我会使用 Peter Norvig 风格的拼写检查器。我已经就此写了一篇完整的文章。
http://blog.mattalcock.com/2012/12/5/ python-spell-checker/
这是一段代码,用于查看要检查的单词的可能编辑。
您应该使用此代码快速迭代不断增长的单词数据文件以进行检查。有关更多信息,请参阅完整帖子:
http://blog.mattalcock。 com/2012/12/5/python-拼写检查器/
I would use A Peter Norvig style spell checker. I've written a complete post on this.
http://blog.mattalcock.com/2012/12/5/python-spell-checker/
Here's a snippet of the code that looks at possible edits of the word to check.
You should be iterate through your growing data file of words to check extremely quickly with this code to check. See the full post for more information:
http://blog.mattalcock.com/2012/12/5/python-spell-checker/
也许更好的方法是压缩文档,因为这会删除任何重复的单词实例,实际上您只需要拼写检查一次。我只是建议这样做,因为它可能比编写您自己的独特单词查找器执行得更快。
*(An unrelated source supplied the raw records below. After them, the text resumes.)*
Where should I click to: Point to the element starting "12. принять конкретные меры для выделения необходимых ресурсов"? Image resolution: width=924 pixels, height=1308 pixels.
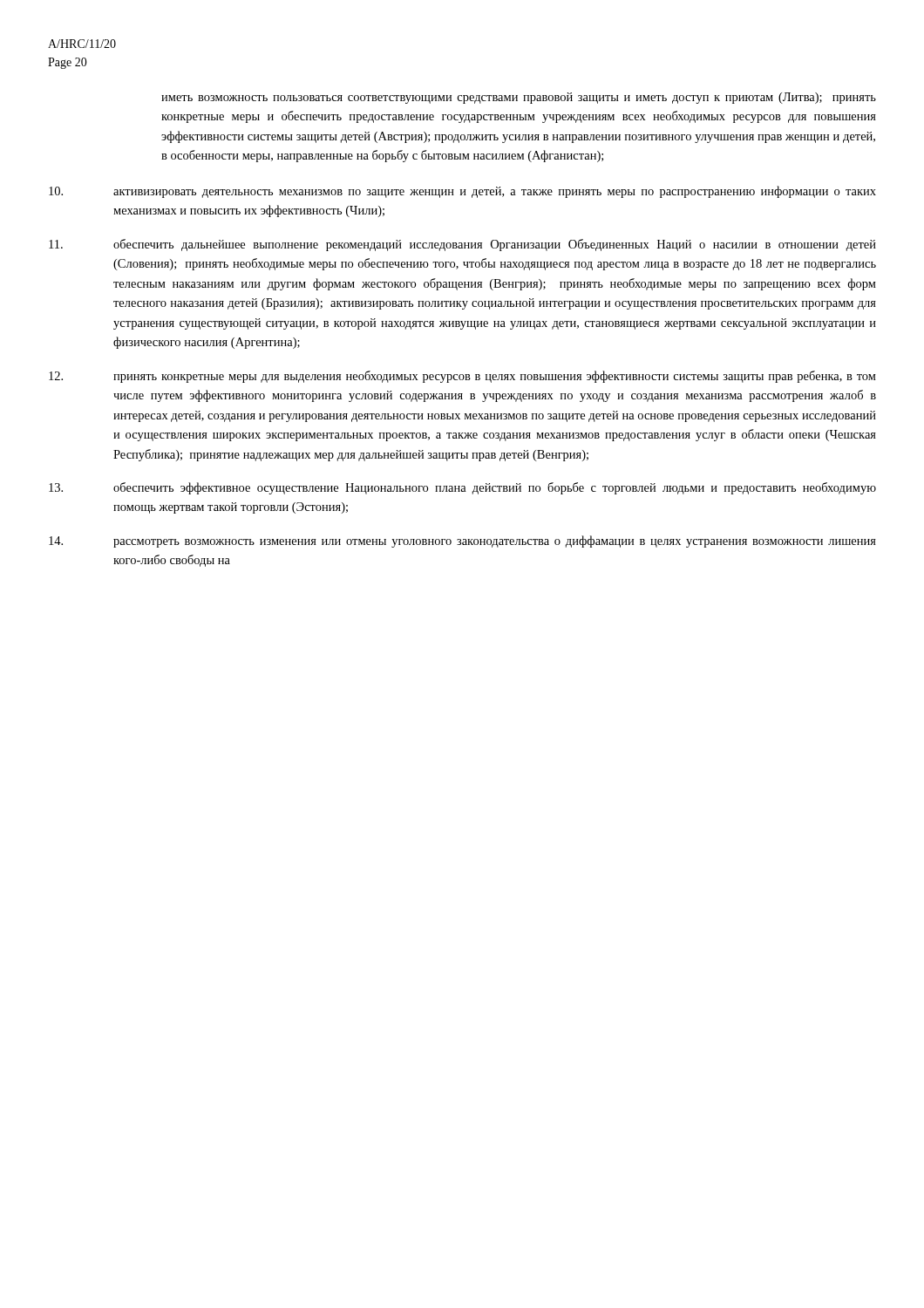pyautogui.click(x=462, y=415)
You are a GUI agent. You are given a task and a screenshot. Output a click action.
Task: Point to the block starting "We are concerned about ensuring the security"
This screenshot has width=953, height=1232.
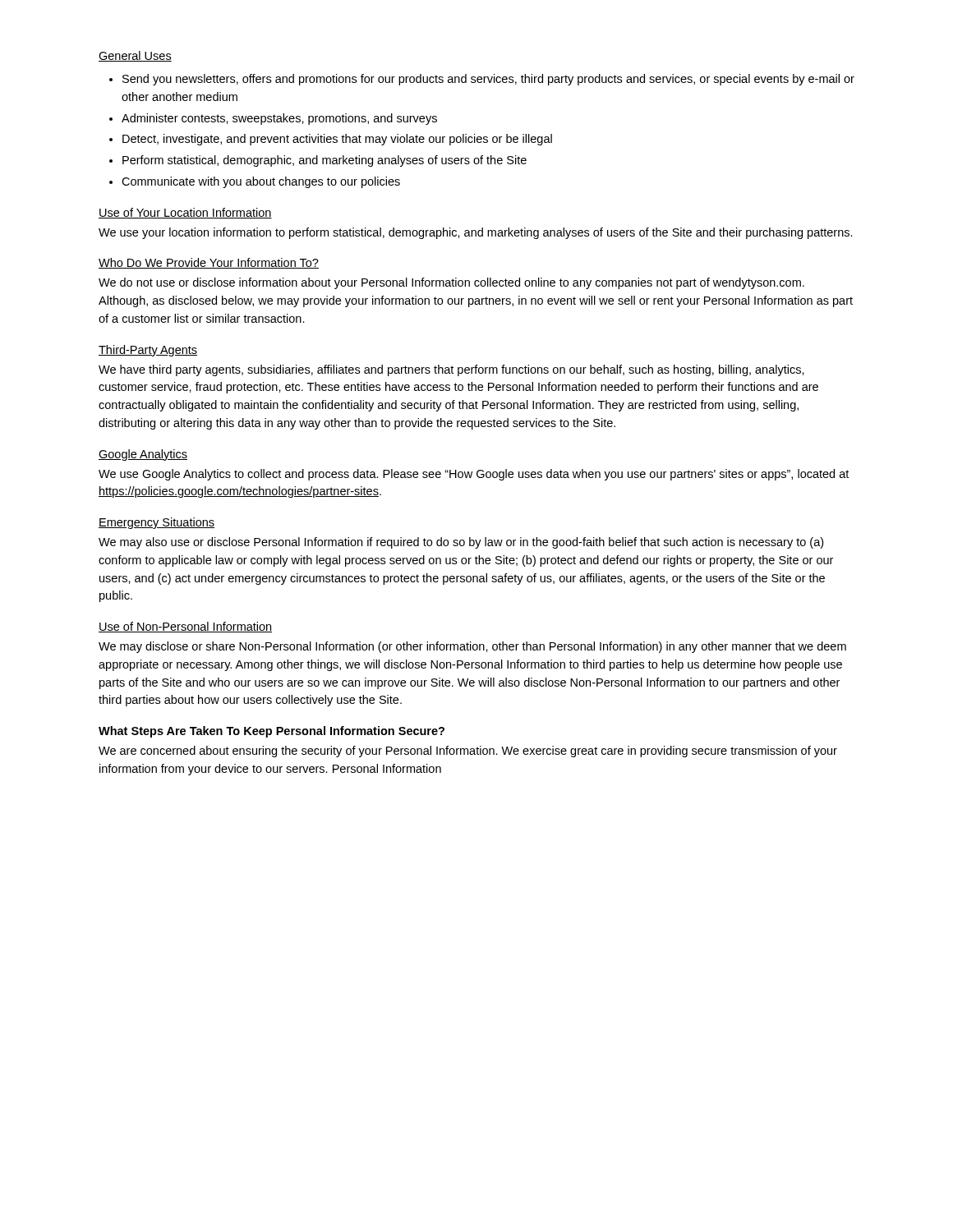point(468,760)
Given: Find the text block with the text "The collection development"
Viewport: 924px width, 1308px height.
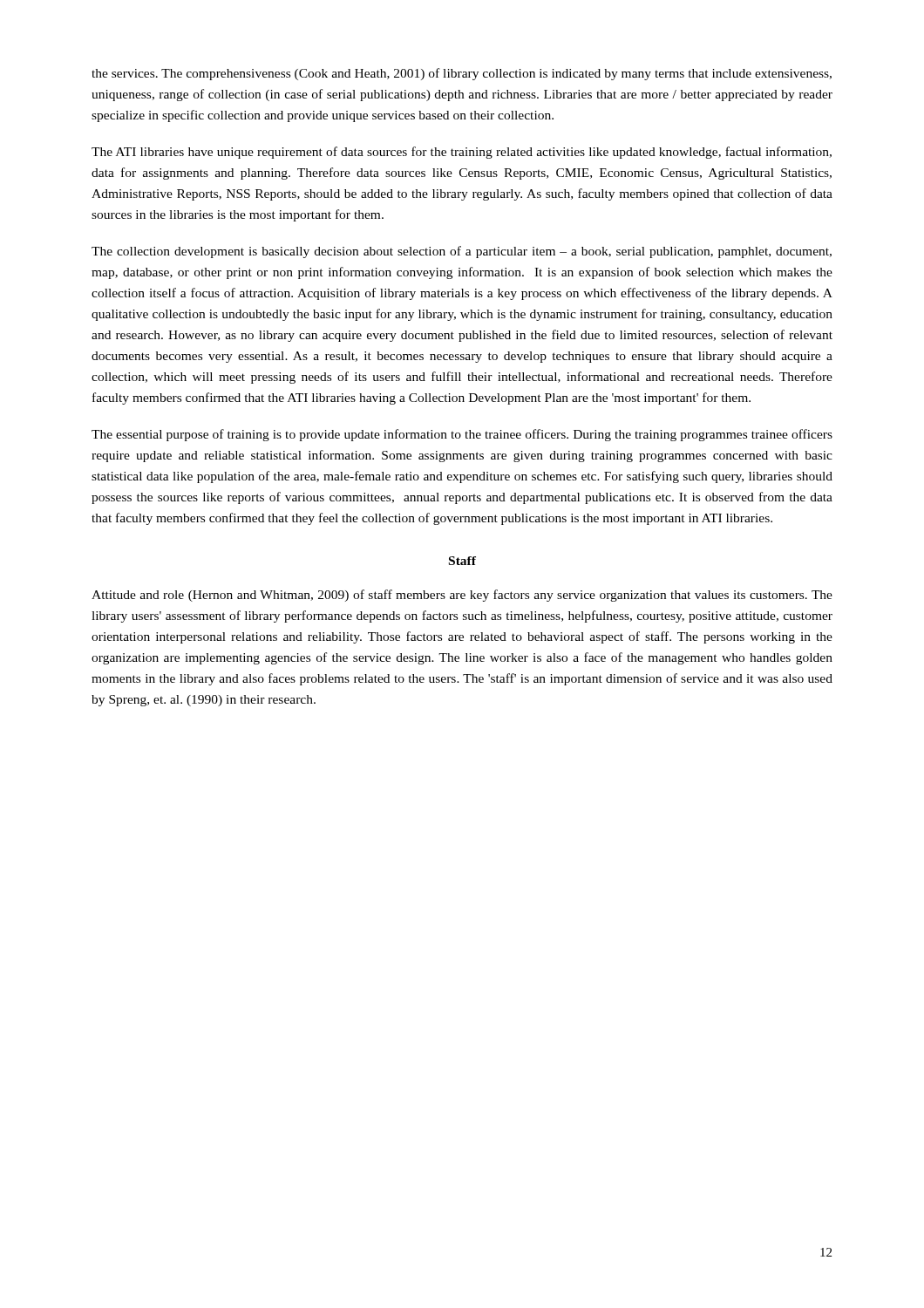Looking at the screenshot, I should point(462,324).
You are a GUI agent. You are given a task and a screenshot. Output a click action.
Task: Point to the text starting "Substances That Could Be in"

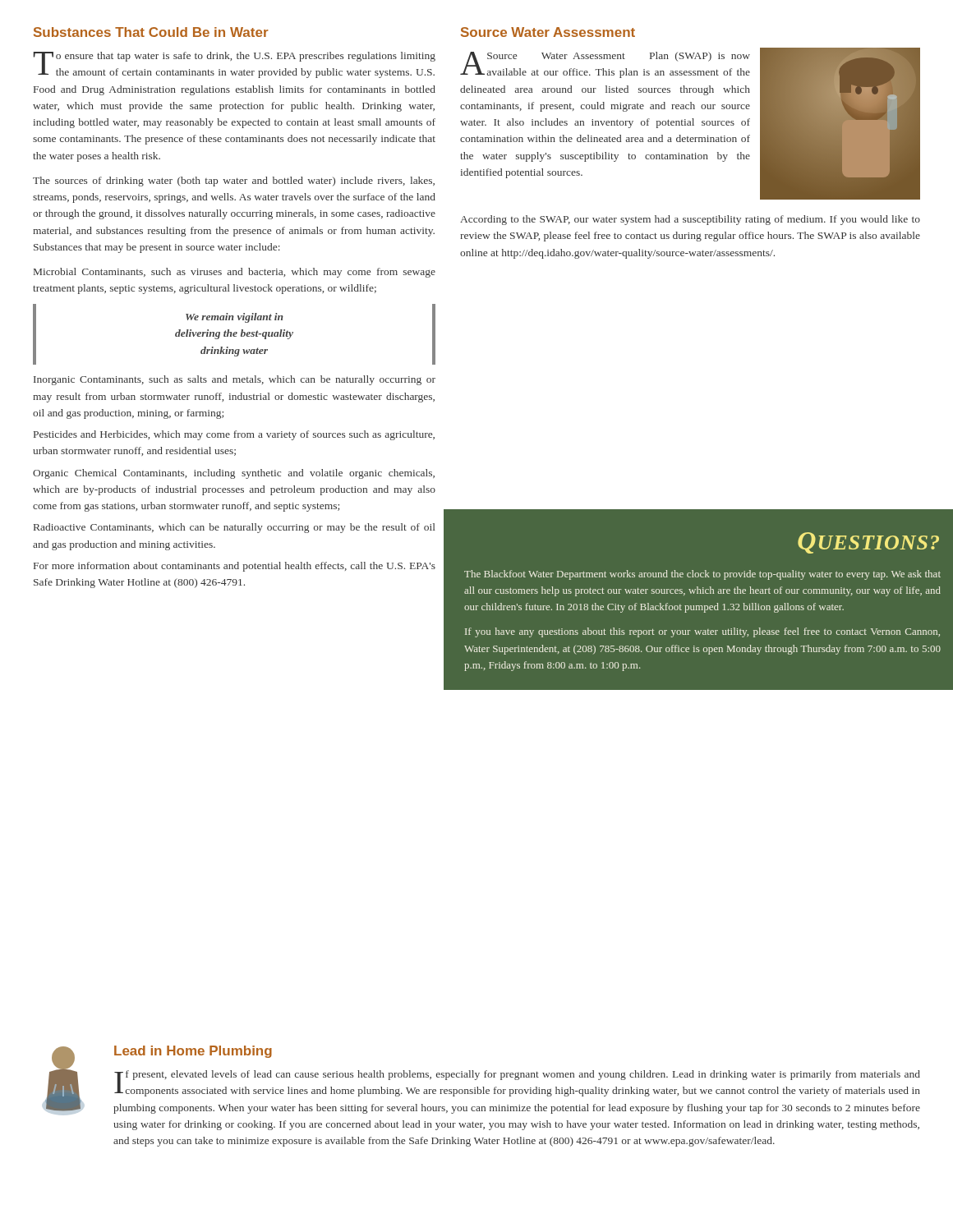coord(234,33)
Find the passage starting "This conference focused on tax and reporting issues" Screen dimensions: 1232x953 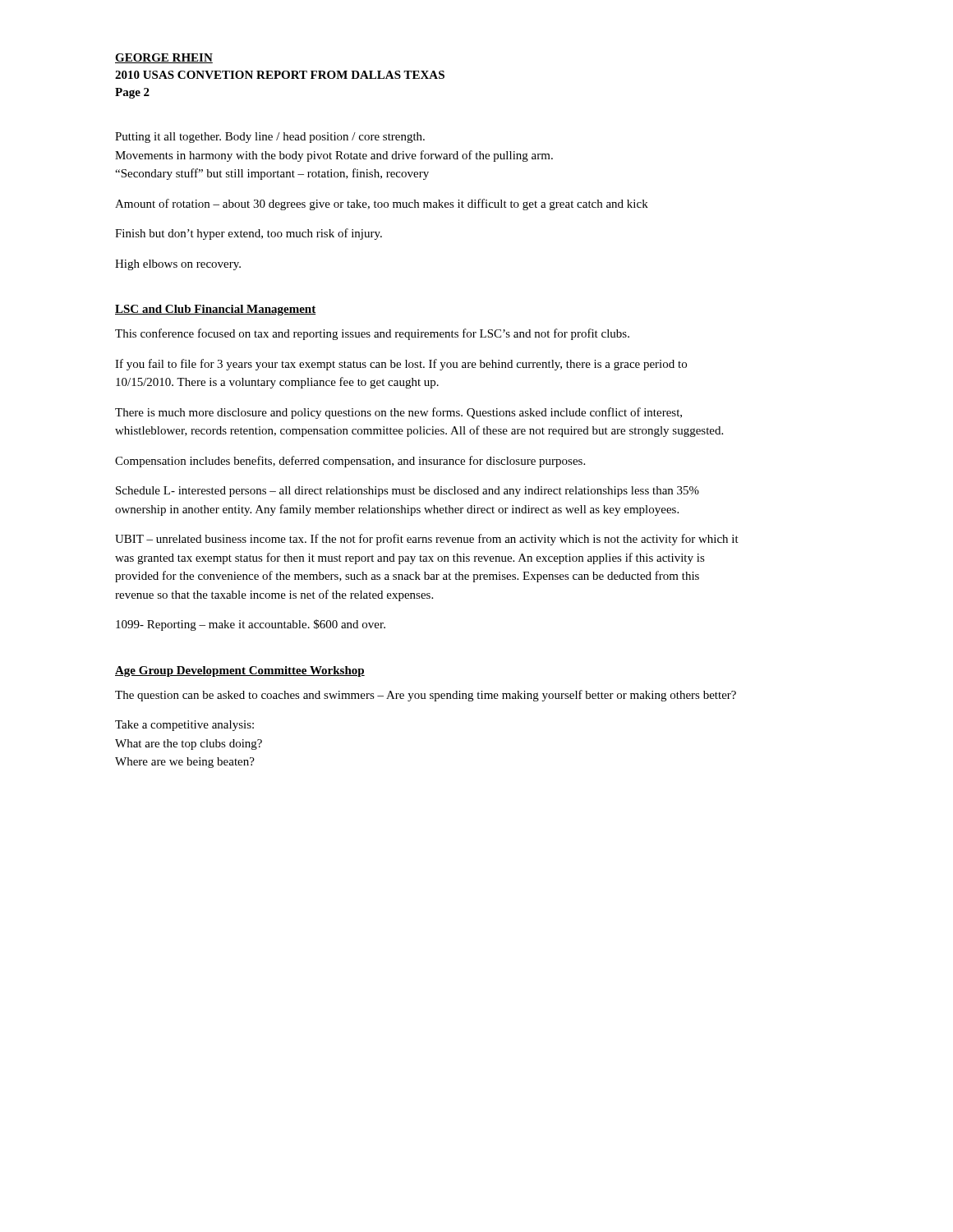(x=427, y=334)
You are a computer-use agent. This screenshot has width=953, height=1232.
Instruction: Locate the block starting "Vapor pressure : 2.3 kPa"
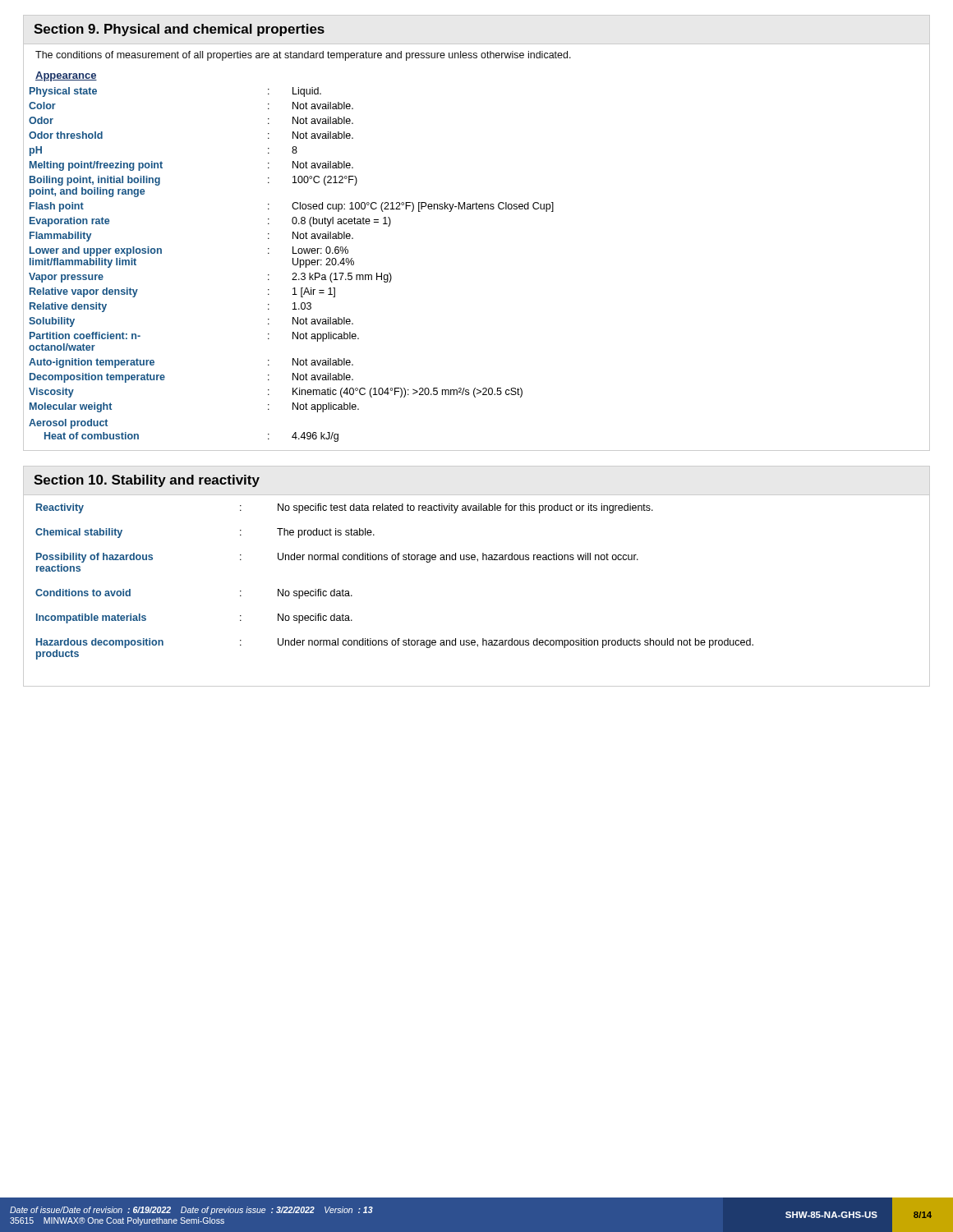(x=68, y=277)
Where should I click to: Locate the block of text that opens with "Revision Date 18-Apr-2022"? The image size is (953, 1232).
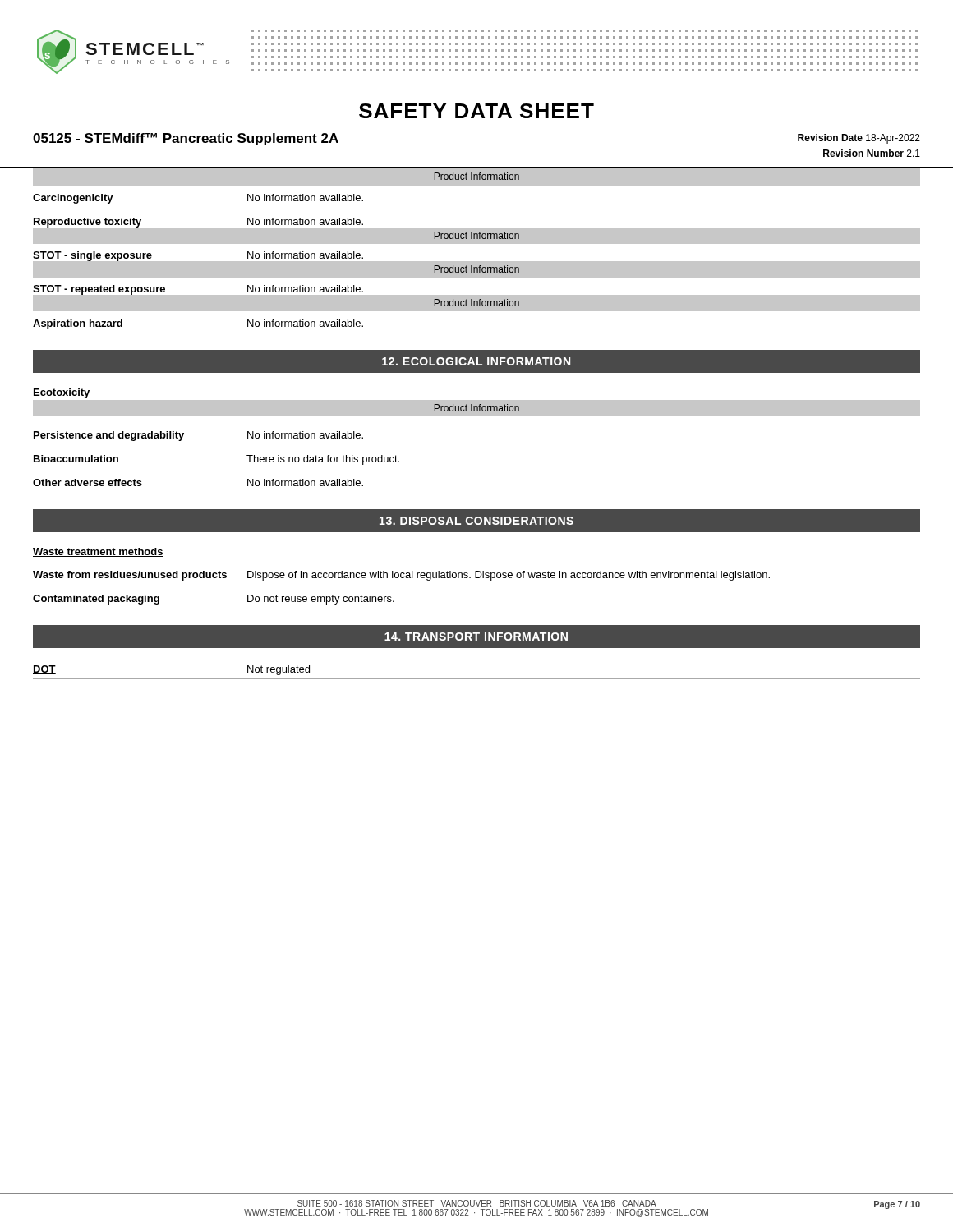point(859,146)
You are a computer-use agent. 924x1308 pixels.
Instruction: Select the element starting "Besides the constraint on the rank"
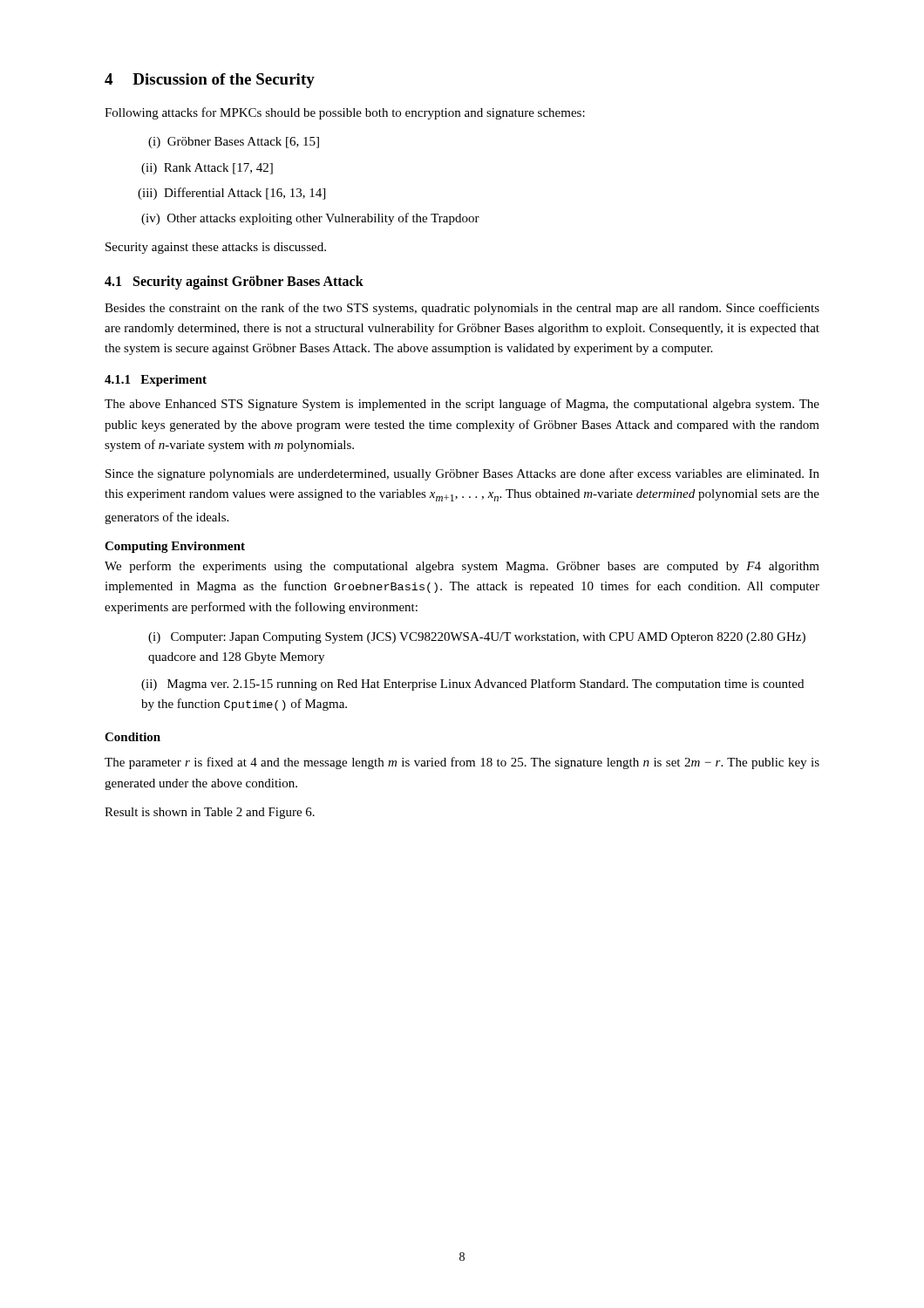[x=462, y=328]

压缩版本应该引用其文件中某处的独特单词,您可能需要查找它们的结构。
然后您可以对所有独特的单词进行拼写检查。我希望你不要用单独的 SQL 查询或类似的东西来检查它们,你应该以树的形式将字典加载到你的内存中,然后根据它检查单词。
完成此操作后,只需将其解压缩,然后嘿,很快就完成了拼写检查。这应该是一个相当快的解决方案。
或者,如果拼写检查确实像注释所建议的那样快,那么您可能不需要经历整个压缩过程,这将表明实现是错误的。
Perhaps a better way of doing this would be to compress the document, as this would remove any repeating instances of words, which you actually only need to spell check once. I only suggest this as it would probably perform faster than writing your own unique word finder.
The compressed version should have references to the unique words, somewhere within its file, you might have to look up how they are structured.
You can then spell check all the unique words. I hope you are not checking them with individual SQL queries or something like that, you should load a dictionary in the form of a tree into your memory and then check words against that.
Once this is done, simply uncompress it and hey presto it's all spell checked. This should be a fairly fast solution.
Or perhaps you don't need to go through the whole zipping process if spell checking really is as fast as the comments suggest, which would indicate a wrong implementation.